Dependence On Government Jobs Leaves Women Behind In Recovery: Report

Recovery Leaves Women Behind

Women make up slightly more than half of the U.S. population, but they gained less than 4 percent of new jobs created last month, according to a recent report by the National Women's Law Center.

Women gained 4,000 jobs in September out of a total of 103,000, a NWLC analysis of Department of Labor data found. September’s job gains for women were abysmal, but the month’s numbers are only the latest part of a larger trend: Since June 2009, the start of the recovery, women have lost 264,000 jobs, while the economy has gained a total of 841,000, according to the NWLC.

"The unemployment balance between men and women can often be explained by sectors," said Sylvia Ann Hewitt, founding president of the Center For Work-Life Policy. "What’s been going on very recently is a tremendous cutback in state local government jobs because of the way which the deficits are biting, and those kinds of jobs are female-dominated. There’s tremendous red ink flushing around the townships and states of America right now."

In September the public sector slashed 34,000 jobs, 28,000 of which were held by women, according to NWLC. Women have lost a total of 407,000 public sector jobs since the start of the recovery, virtually wiping out their private sector gains.

The recovery has been especially tough on black women, who lost 258,000 jobs since June 2009 -- more than they lost during the recession, and over 100,000 more jobs lost than black men gained during the recovery.

High unemployment, plummeting home values and depressed consumer spending have pushed down local tax revenues, the National League of Cities reported last month. In response, one in three city finance officials said they were forced to lay off employees.

"Men have at least gained some new jobs since the end of the recession whereas women are going backwards," said Joan Entmacher, NWLC’s vice president for family economic security. "The main reason for that is that layoffs in the public sector really picked up during the recovery period."

Women's unemployment rose 0.4 percent during the recovery from 7.7 in June 2009 to 8.1 percent in September 2011, according to the NWLC -- still lower than the national average of 9.1 percent. But the unemployment rate for men dropped 1.1 percent during the same period, from 9.9 percent in June 2009 to 8.8 percent in September 2011.

Anne Ladky, executive director of Women Employed, an advocacy organization that aims to improve the economic status of women, called the recovery’s job creation pattern a “double whammy” for women.

“Women are being hit on both ends of this,” Ladky said. “The growth, as it appears to be, is in sectors where women are not well represented, and women are heavily represented in the sectors where there are significant layoffs.”

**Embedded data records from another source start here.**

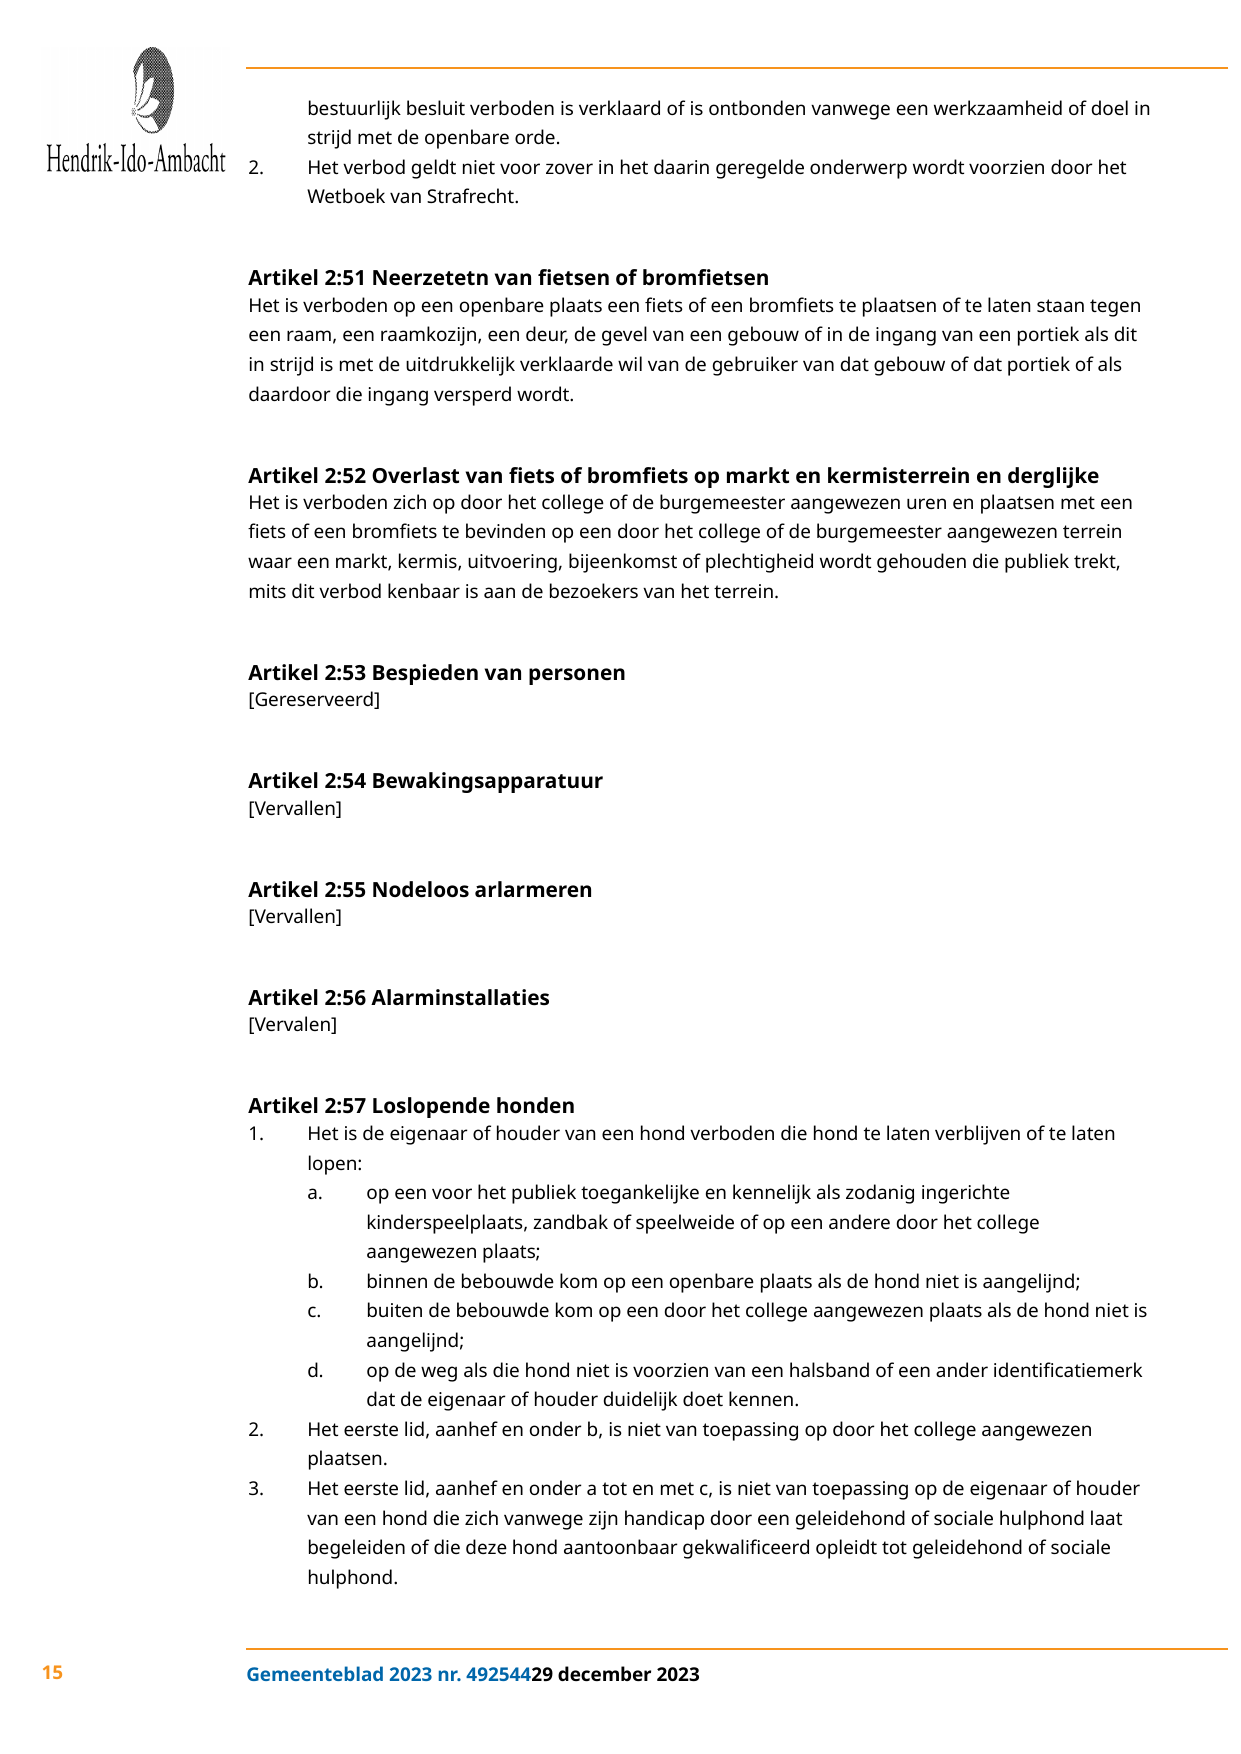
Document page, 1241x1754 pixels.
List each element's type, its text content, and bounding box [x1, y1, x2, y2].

list Het eerste lid, aanhef en onder b, is niet van toepassing op door het college aangewezen plaatsen. [248, 1416, 1152, 1471]
text [Gereserveerd] [248, 686, 1152, 712]
text [Vervalen] [248, 1012, 1152, 1037]
picture [41, 47, 231, 172]
text Artikel 2:53 Bespieden van personen [248, 658, 1152, 686]
text [Vervallen] [248, 795, 1152, 821]
list Het verbod geldt niet voor zover in het daarin geregelde onderwerp wordt voorzien door het Wetboek van Strafrecht. [248, 154, 1152, 209]
list Het eerste lid, aanhef en onder a tot en met c, is niet van toepassing op de eigenaar of houder van een hond die zich vanwege zijn handicap door een geleidehond of sociale hulphond laat begeleiden of die deze hond aantoonbaar gekwalificeerd opleidt tot geleidehond of sociale hulphond. [248, 1475, 1152, 1589]
text Artikel 2:55 Nodeloos arlarmeren [248, 875, 1152, 903]
list bestuurlijk besluit verboden is verklaard of is ontbonden vanwege een werkzaamheid of doel in strijd met de openbare orde. [248, 95, 1152, 150]
text Het is verboden op een openbare plaats een fiets of een bromfiets te plaatsen of te laten staan tegen een raam, een raamkozijn, een deur, de gevel van een gebouw of in de ingang van een portiek als dit in strijd is met de uitdrukkelijk verklaarde wil van de gebruiker van dat gebouw of dat portiek of als daardoor die ingang versperd wordt. [248, 292, 1152, 406]
text [Vervallen] [248, 903, 1152, 929]
text Artikel 2:52 Overlast van fiets of bromfiets op markt en kermisterrein en derglijke [248, 461, 1152, 489]
text Artikel 2:54 Bewakingsapparatuur [248, 766, 1152, 795]
text Artikel 2:57 Loslopende honden [248, 1092, 1152, 1120]
list buiten de bebouwde kom op een door het college aangewezen plaats als de hond niet is aangelijnd; [307, 1298, 1152, 1353]
list op een voor het publiek toegankelijke en kennelijk als zodanig ingerichte kinderspeelplaats, zandbak of speelweide of op een andere door het college aangewezen plaats; [307, 1179, 1152, 1264]
text Artikel 2:51 Neerzetetn van fietsen of bromfietsen [248, 263, 1152, 292]
list op de weg als die hond niet is voorzien van een halsband of een ander identificatiemerk dat de eigenaar of houder duidelijk doet kennen. [307, 1357, 1152, 1412]
text Het is verboden zich op door het college of de burgemeester aangewezen uren en plaatsen met een fiets of een bromfiets te bevinden op een door het college of de burgemeester aangewezen terrein waar een markt, kermis, uitvoering, bijeenkomst of plechtigheid wordt gehouden die publiek trekt, mits dit verbod kenbaar is aan de bezoekers van het terrein. [248, 489, 1152, 604]
text Artikel 2:56 Alarminstallaties [248, 983, 1152, 1012]
list Het is de eigenaar of houder van een hond verboden die hond te laten verblijven of te laten lopen: [248, 1120, 1152, 1175]
list binnen de bebouwde kom op een openbare plaats als de hond niet is aangelijnd; [307, 1268, 1152, 1294]

During the recession, projects funded by the 2009 American Reinvestment and Recovery Act, known as the stimulus package, helped stave off mass public sector layoffs, but without such support during the recovery, state and local governments are forced to slash jobs, many of which were held by women, Entmacher said.

“The scary part is we can see the impact of choices that policy makers have made to cut funding for public services, which both eliminates jobs and services that people need,” Entmacher said.

Some proposals in President Barack Obama’s American Jobs Act, including support for state and local governments to hire more teachers and training programs that would help women and others get access to jobs in infrastructure, could help the job crisis among women, Entmacher said. Still, it is difficult to tell exactly what impact the bill -- which the Senate voted down Tuesday night -- would have on creating teaching jobs, The Associated Press reports. The Obama administration will likely move to push Congress to pass smaller pieces of the jobs act

Entmacher said she’s pleased to see that the act addresses the jobs needs of women by focusing on more than just building infrastructure. As the effects of the recession became apparent, public discourse often focused on the disproportionate job losses suffered by men because of cuts in industries such as manufacturing and construction.

"It has distracted from the load on women because they have been really bailing men out, taking on longer hours," Hewitt said. "There’s quite a lot of evidence showing that when a man is out of work he doesn’t actually do more at home, he spends his time looking for a job."

The 2010 American Time Use Survey found that both unemployed men and women were more likely to do housework than their employed counterparts. Still, unemployed women spent more time on housework than laid off men, the survey found.

The discussion also distracts from the difficulty women face in finding a job, Entmacher said. More than 45 percent of women have been out of a job for more than 27 weeks, according to the NWLC.

"Men lost about 70 percent of the jobs during the recession, so you would expect women to get maybe 30 percent of the jobs during the recovery, but it’s not like they’re getting 30 percent or 10 percent or 5 percent," Entmacher said. "They’re going negative, women are actually moving backwards."